Start of RECORDS SUPPLIED

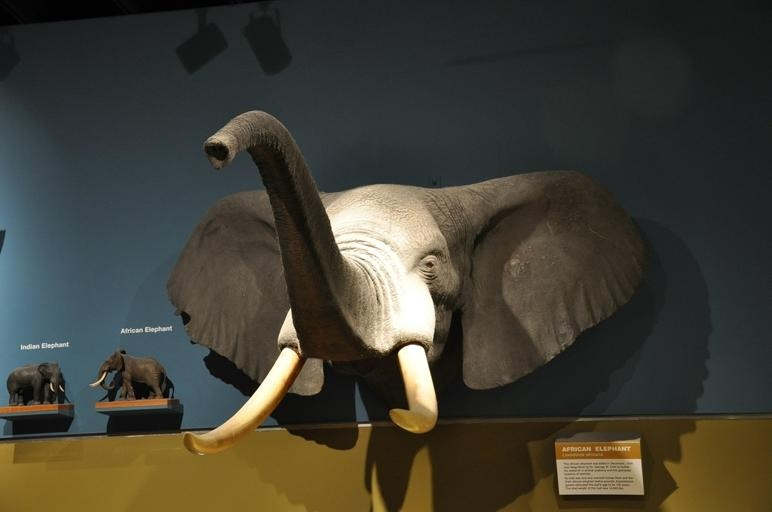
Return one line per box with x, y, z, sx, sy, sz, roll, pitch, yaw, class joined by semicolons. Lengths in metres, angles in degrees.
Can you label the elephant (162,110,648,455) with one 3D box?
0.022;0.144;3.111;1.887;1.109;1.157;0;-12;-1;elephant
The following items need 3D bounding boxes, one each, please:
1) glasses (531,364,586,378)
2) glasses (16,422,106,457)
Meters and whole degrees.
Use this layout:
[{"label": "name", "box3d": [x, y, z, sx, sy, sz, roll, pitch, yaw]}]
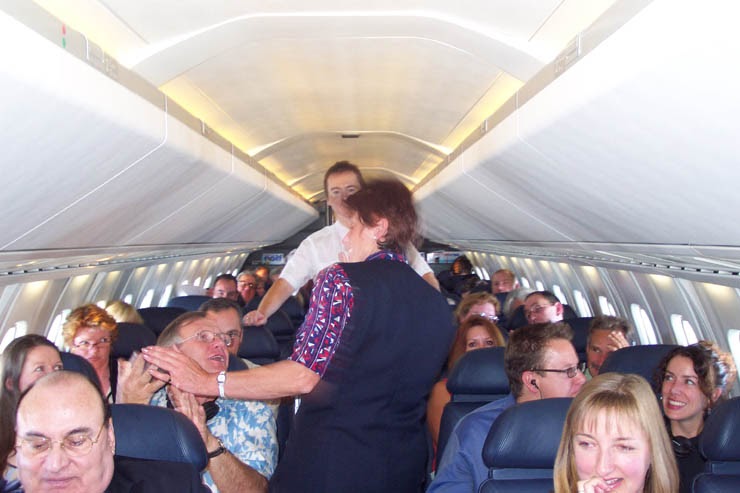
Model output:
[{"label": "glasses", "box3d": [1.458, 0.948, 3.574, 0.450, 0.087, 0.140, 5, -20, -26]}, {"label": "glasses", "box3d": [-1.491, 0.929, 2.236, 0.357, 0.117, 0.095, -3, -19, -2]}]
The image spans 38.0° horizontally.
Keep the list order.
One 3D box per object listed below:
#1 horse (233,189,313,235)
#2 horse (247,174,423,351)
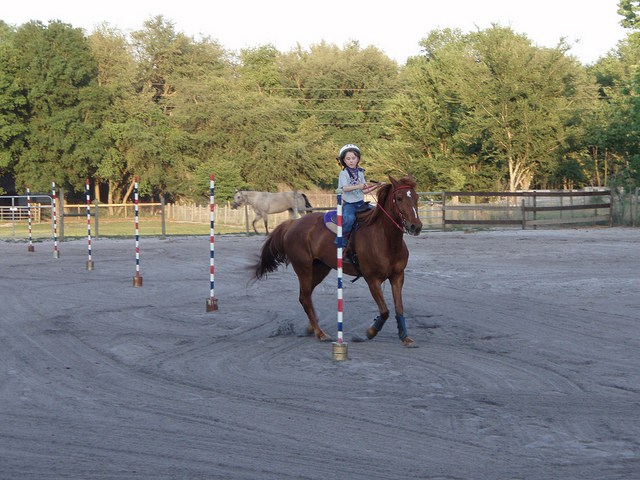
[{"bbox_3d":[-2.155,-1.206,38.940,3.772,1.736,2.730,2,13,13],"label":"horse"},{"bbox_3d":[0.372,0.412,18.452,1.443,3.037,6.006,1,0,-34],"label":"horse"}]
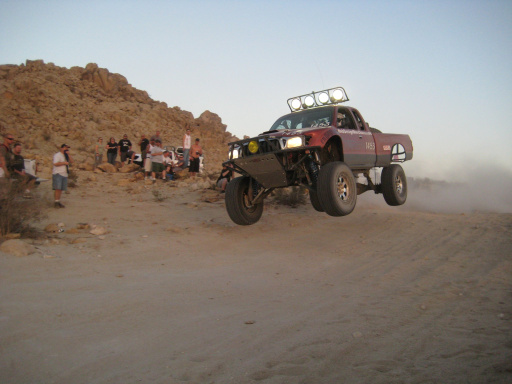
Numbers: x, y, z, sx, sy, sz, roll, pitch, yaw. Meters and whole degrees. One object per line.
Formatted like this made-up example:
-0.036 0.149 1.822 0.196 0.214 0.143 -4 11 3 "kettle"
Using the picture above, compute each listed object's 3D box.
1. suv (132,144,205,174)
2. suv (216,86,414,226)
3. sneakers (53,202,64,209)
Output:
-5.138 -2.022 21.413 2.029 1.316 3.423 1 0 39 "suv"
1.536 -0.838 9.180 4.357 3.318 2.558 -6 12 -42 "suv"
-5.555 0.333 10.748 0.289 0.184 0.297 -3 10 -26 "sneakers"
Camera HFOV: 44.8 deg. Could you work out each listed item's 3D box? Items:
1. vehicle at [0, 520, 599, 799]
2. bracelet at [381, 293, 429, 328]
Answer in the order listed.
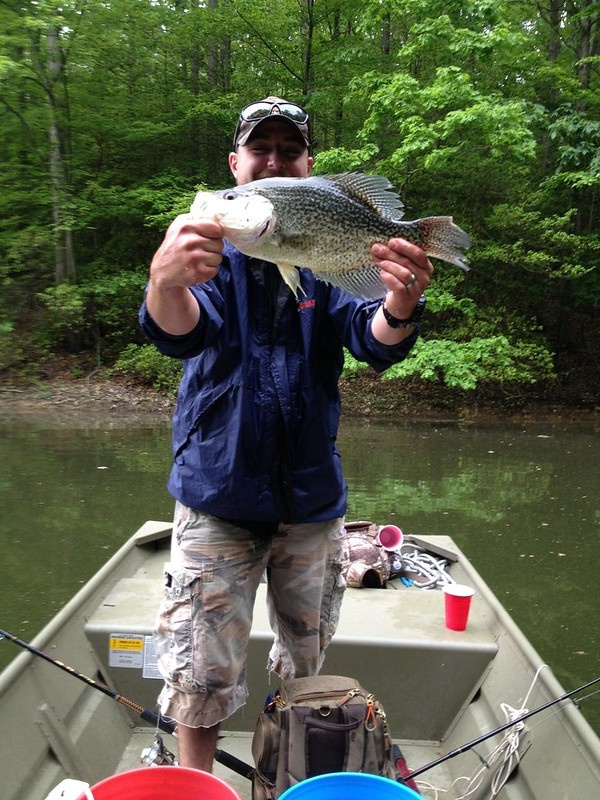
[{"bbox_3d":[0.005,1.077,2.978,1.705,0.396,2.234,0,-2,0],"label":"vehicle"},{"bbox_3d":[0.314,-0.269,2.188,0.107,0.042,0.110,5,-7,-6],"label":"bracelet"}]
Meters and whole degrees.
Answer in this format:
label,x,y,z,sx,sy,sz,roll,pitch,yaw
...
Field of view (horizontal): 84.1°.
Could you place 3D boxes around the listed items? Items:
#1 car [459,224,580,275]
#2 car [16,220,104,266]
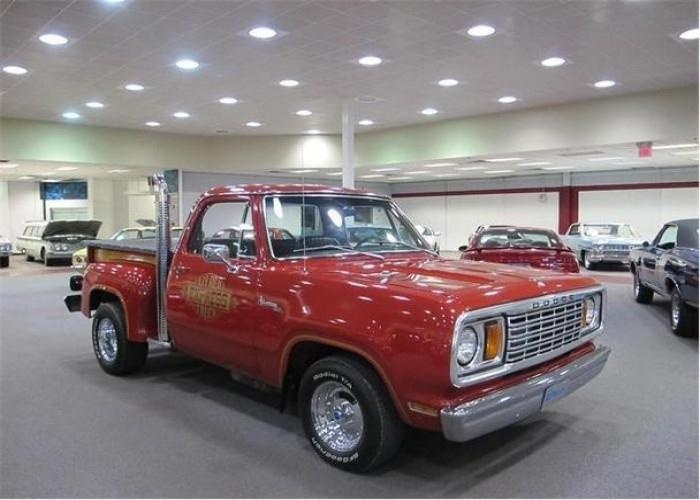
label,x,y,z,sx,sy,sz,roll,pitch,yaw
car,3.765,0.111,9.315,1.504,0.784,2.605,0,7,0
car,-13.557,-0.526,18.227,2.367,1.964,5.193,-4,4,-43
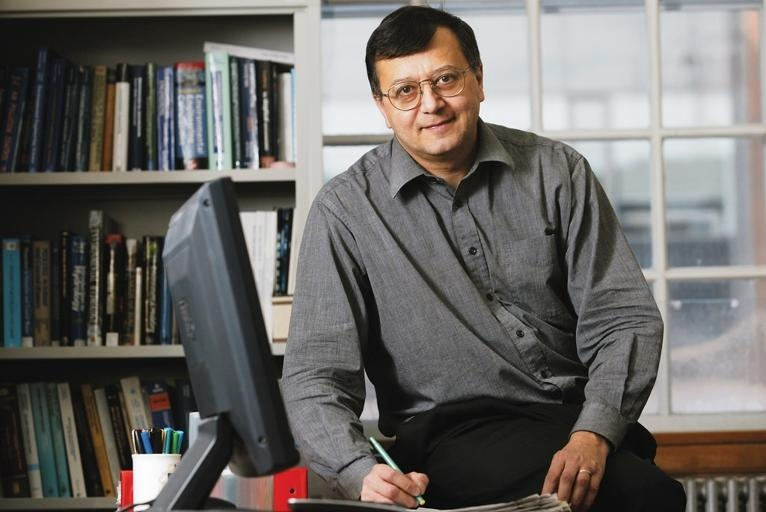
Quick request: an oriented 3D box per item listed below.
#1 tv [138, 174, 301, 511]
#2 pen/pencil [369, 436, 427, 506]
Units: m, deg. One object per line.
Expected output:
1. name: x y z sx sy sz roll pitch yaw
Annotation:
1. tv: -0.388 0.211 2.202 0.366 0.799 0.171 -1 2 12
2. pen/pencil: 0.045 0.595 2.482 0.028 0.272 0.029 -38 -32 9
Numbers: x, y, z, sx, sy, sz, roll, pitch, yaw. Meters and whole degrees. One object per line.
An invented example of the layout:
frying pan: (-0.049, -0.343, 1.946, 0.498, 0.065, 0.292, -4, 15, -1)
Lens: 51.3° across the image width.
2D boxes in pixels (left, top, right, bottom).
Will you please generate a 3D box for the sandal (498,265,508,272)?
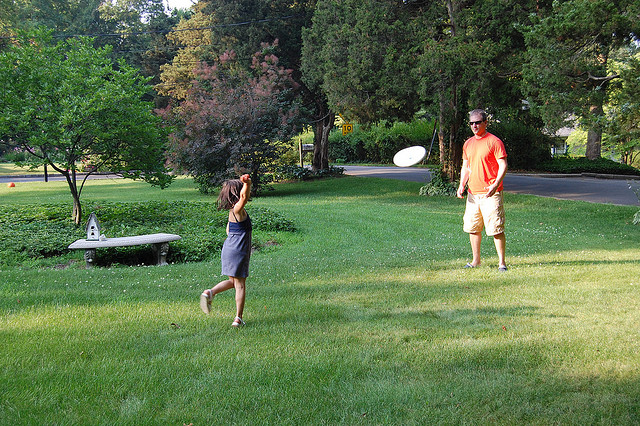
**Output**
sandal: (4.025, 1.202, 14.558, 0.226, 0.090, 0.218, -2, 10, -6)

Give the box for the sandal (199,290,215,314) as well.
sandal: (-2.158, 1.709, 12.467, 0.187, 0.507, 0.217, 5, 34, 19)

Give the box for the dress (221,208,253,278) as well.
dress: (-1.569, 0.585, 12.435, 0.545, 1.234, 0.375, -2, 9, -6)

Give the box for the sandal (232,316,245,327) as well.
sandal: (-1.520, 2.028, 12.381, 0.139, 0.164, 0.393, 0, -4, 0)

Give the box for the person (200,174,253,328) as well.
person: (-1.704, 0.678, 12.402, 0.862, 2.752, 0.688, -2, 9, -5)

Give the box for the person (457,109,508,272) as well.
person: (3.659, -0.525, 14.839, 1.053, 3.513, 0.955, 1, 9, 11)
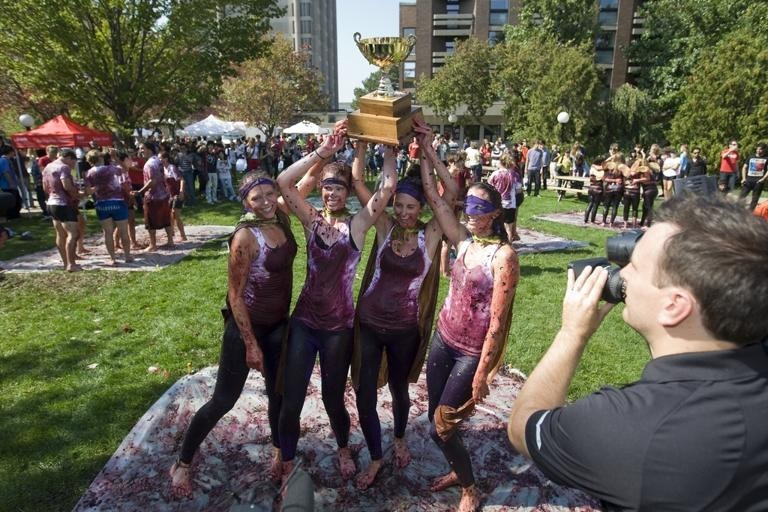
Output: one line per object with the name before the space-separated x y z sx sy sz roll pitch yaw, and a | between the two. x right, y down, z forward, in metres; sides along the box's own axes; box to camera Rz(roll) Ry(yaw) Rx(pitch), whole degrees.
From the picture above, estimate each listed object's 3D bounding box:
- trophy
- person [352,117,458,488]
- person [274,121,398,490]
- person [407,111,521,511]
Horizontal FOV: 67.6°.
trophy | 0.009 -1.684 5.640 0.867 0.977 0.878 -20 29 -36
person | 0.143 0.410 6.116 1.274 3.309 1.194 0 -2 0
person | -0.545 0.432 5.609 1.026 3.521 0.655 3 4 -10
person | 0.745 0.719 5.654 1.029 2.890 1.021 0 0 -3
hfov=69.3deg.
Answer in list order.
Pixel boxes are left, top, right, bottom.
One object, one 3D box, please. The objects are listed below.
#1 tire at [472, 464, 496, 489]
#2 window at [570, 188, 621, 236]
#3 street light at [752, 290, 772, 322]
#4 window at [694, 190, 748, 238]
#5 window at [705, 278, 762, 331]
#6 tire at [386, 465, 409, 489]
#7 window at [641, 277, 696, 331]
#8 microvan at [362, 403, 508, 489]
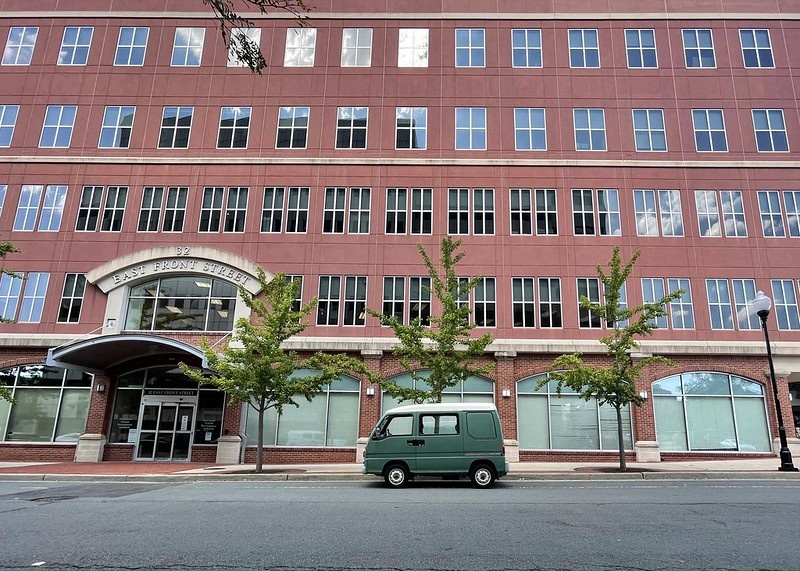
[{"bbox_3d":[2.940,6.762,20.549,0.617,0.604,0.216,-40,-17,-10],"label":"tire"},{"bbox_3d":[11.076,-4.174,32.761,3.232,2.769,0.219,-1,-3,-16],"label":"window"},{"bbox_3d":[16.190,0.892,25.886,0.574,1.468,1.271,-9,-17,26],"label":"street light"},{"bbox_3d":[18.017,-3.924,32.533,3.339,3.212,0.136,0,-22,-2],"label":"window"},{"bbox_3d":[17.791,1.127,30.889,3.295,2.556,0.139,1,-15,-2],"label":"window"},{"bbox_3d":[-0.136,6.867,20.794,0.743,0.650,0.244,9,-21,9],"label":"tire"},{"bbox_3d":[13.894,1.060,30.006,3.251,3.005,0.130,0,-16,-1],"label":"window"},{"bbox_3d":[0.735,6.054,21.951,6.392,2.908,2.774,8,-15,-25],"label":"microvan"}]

End of RECORDS SUPPLIED

Quote the data above from the line containing "#3 street light at [752, 290, 772, 322]" to the line containing "#7 window at [641, 277, 696, 331]", inclusive, and stop.

#3 street light at [752, 290, 772, 322]
#4 window at [694, 190, 748, 238]
#5 window at [705, 278, 762, 331]
#6 tire at [386, 465, 409, 489]
#7 window at [641, 277, 696, 331]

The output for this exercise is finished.